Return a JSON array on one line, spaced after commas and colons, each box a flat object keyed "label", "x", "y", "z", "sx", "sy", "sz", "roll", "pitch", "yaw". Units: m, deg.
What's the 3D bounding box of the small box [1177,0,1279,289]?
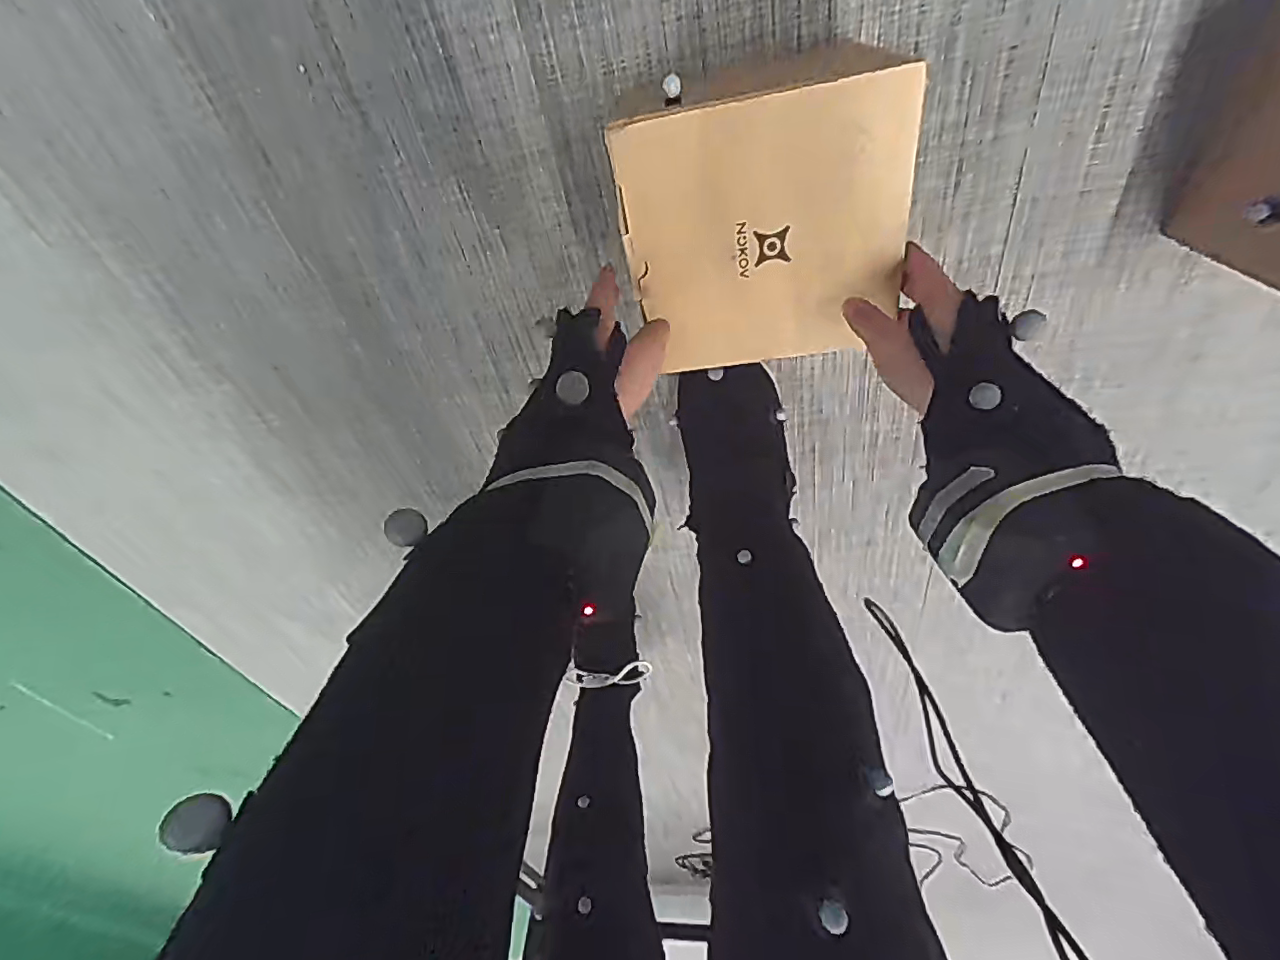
[{"label": "small box", "x": 0.513, "y": -0.230, "z": 0.343, "sx": 0.168, "sy": 0.176, "sz": 0.179, "roll": -3, "pitch": 130, "yaw": 7}]

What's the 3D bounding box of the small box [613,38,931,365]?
[{"label": "small box", "x": 0.087, "y": -0.208, "z": 0.406, "sx": 0.179, "sy": 0.176, "sz": 0.168, "roll": -5, "pitch": 131, "yaw": 11}]
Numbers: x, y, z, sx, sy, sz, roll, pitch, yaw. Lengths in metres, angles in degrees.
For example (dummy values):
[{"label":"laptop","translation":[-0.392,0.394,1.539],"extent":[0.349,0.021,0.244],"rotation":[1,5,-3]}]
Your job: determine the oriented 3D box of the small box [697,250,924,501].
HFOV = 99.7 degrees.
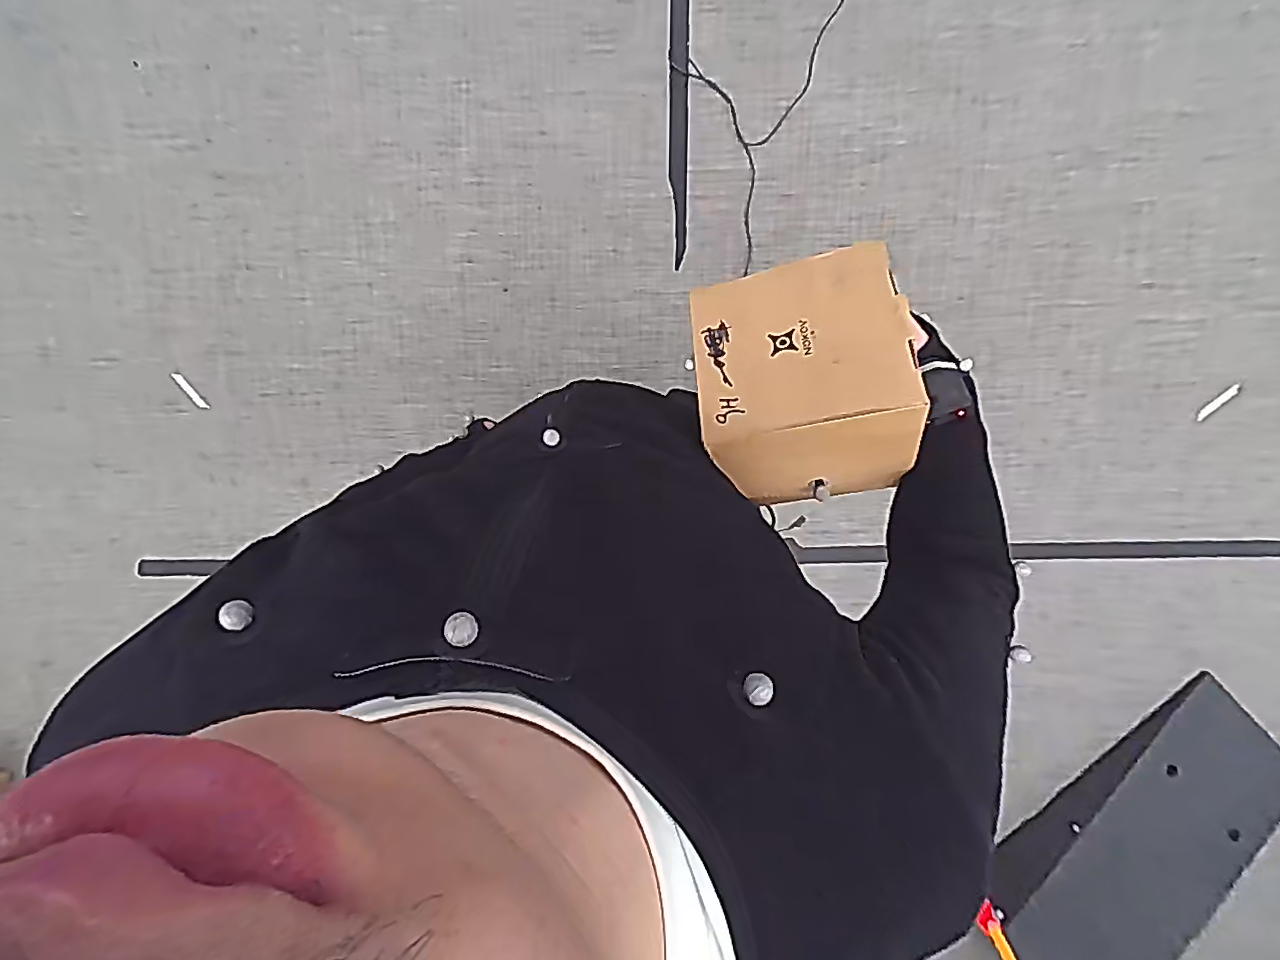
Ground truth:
[{"label":"small box","translation":[0.163,-0.090,0.544],"extent":[0.179,0.176,0.168],"rotation":[-9,64,17]}]

=-=-=-=-=

WORK ITEM
Begin at the line containing "What's the 3D bounding box of the small box [613,38,931,365]?" and stop at the final line of the data. Retype those lines exactly, without the pictures.

EXERCISE RESULT
What's the 3D bounding box of the small box [613,38,931,365]?
[{"label": "small box", "x": 0.087, "y": -0.208, "z": 0.406, "sx": 0.179, "sy": 0.176, "sz": 0.168, "roll": -5, "pitch": 131, "yaw": 11}]
Numbers: x, y, z, sx, sy, sz, roll, pitch, yaw. Lengths in metres, angles in degrees.
For example (dummy values):
[{"label":"laptop","translation":[-0.392,0.394,1.539],"extent":[0.349,0.021,0.244],"rotation":[1,5,-3]}]
Your job: determine the oriented 3D box of the small box [697,250,924,501].
HFOV = 99.7 degrees.
Ground truth:
[{"label":"small box","translation":[0.163,-0.090,0.544],"extent":[0.179,0.176,0.168],"rotation":[-9,64,17]}]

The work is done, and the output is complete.